**Source information**
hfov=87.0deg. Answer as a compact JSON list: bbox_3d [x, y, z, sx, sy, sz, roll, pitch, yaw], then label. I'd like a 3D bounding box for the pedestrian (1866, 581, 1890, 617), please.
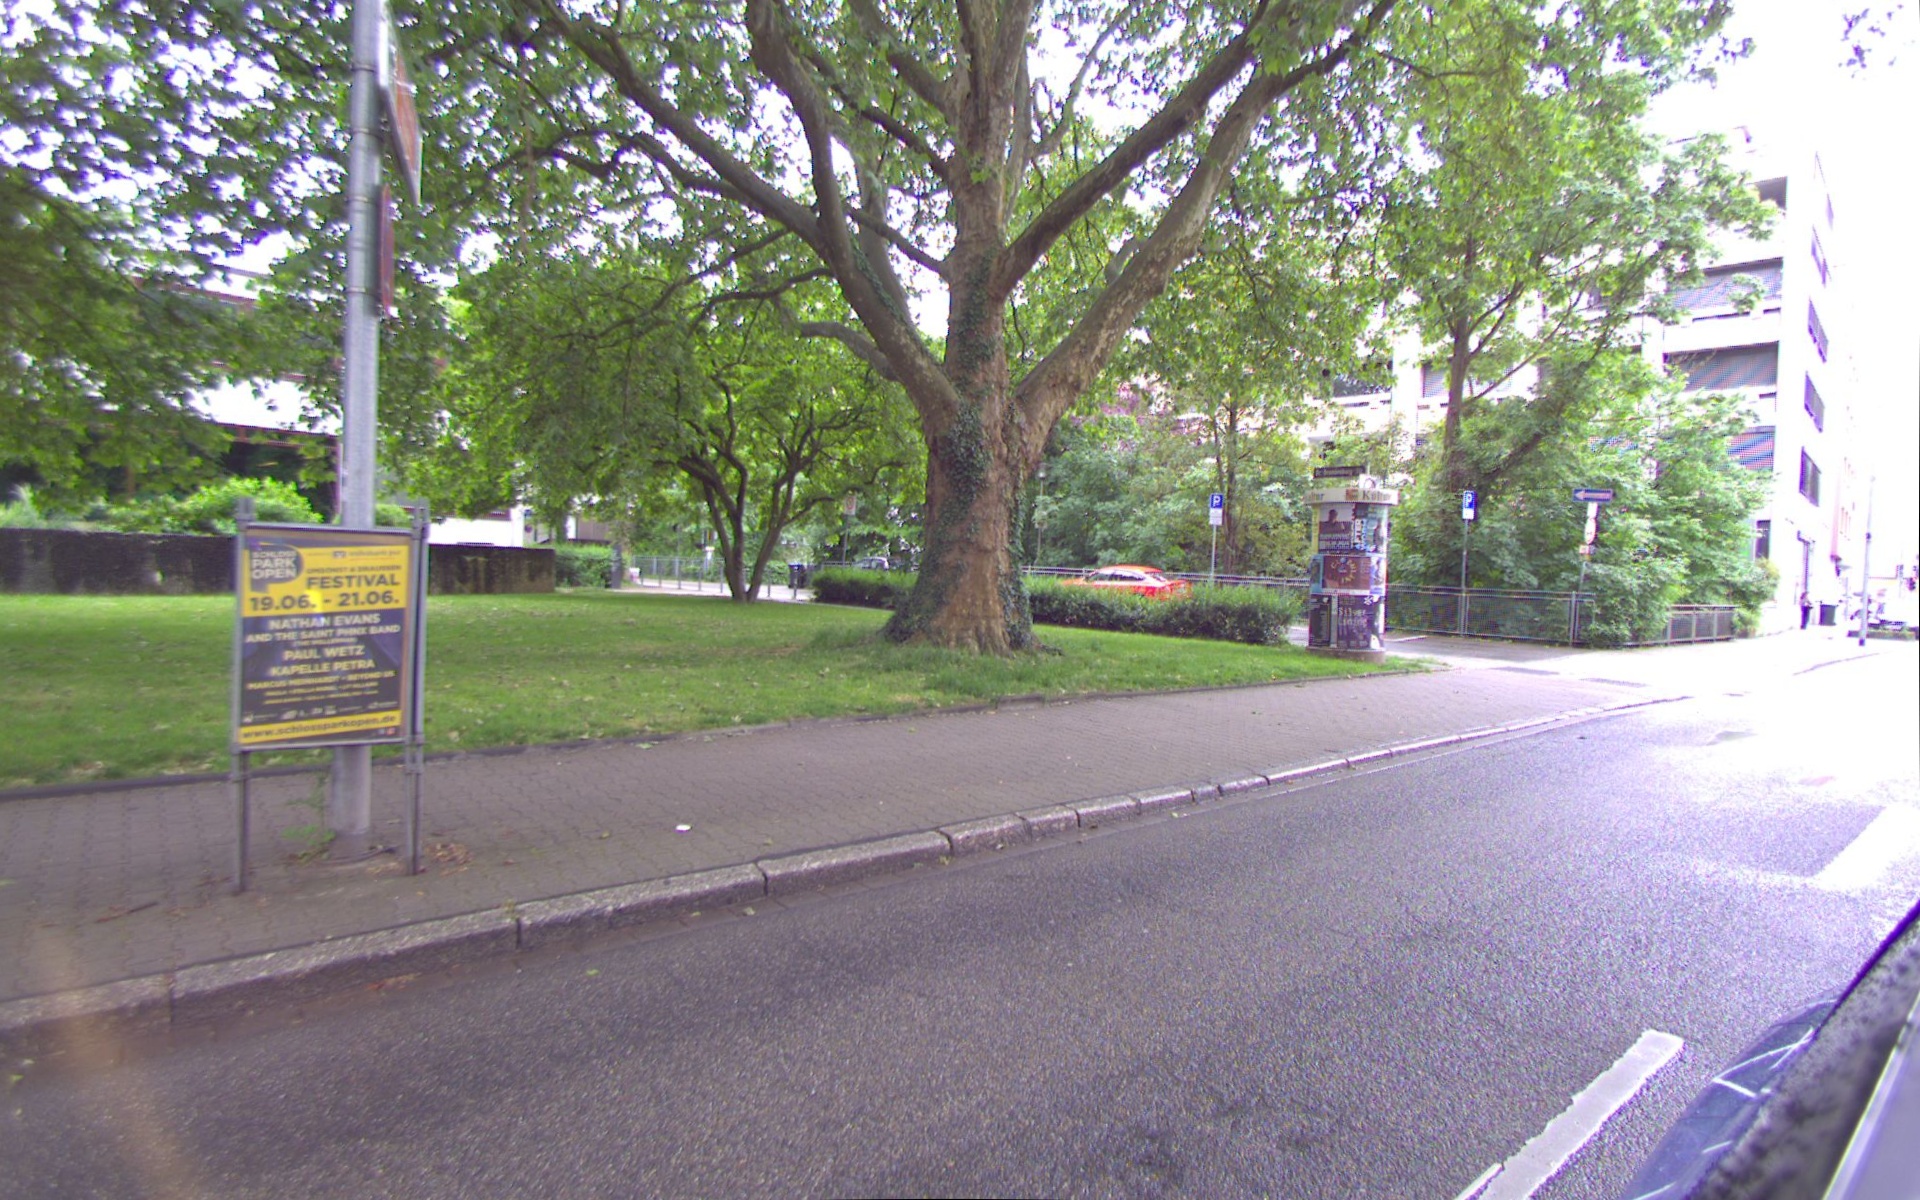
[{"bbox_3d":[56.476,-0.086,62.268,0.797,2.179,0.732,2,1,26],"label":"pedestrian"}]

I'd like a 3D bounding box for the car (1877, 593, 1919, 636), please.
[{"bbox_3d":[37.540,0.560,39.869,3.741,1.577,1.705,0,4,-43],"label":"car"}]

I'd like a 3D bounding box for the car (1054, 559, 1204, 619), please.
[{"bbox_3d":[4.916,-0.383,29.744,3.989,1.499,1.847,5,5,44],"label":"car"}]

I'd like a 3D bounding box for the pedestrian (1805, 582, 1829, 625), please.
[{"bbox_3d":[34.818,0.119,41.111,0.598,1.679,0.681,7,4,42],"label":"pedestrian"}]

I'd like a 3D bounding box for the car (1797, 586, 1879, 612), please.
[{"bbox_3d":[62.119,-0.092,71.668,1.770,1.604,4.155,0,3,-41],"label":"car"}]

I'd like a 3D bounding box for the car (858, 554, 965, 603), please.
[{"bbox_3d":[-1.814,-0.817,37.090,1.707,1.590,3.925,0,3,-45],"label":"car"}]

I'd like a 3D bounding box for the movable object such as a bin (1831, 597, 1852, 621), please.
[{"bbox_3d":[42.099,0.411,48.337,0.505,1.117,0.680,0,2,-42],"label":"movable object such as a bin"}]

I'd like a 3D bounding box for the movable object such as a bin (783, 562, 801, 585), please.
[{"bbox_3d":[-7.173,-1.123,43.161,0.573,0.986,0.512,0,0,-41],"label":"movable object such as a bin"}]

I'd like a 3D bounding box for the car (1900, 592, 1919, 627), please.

**Exercise aim**
The assignment is to restate, word for word, each line from the one containing "1879, 612), please." through the final line of the material above.

**Result for this task**
I'd like a 3D bounding box for the car (1797, 586, 1879, 612), please.
[{"bbox_3d":[62.119,-0.092,71.668,1.770,1.604,4.155,0,3,-41],"label":"car"}]

I'd like a 3D bounding box for the car (858, 554, 965, 603), please.
[{"bbox_3d":[-1.814,-0.817,37.090,1.707,1.590,3.925,0,3,-45],"label":"car"}]

I'd like a 3D bounding box for the movable object such as a bin (1831, 597, 1852, 621), please.
[{"bbox_3d":[42.099,0.411,48.337,0.505,1.117,0.680,0,2,-42],"label":"movable object such as a bin"}]

I'd like a 3D bounding box for the movable object such as a bin (783, 562, 801, 585), please.
[{"bbox_3d":[-7.173,-1.123,43.161,0.573,0.986,0.512,0,0,-41],"label":"movable object such as a bin"}]

I'd like a 3D bounding box for the car (1900, 592, 1919, 627), please.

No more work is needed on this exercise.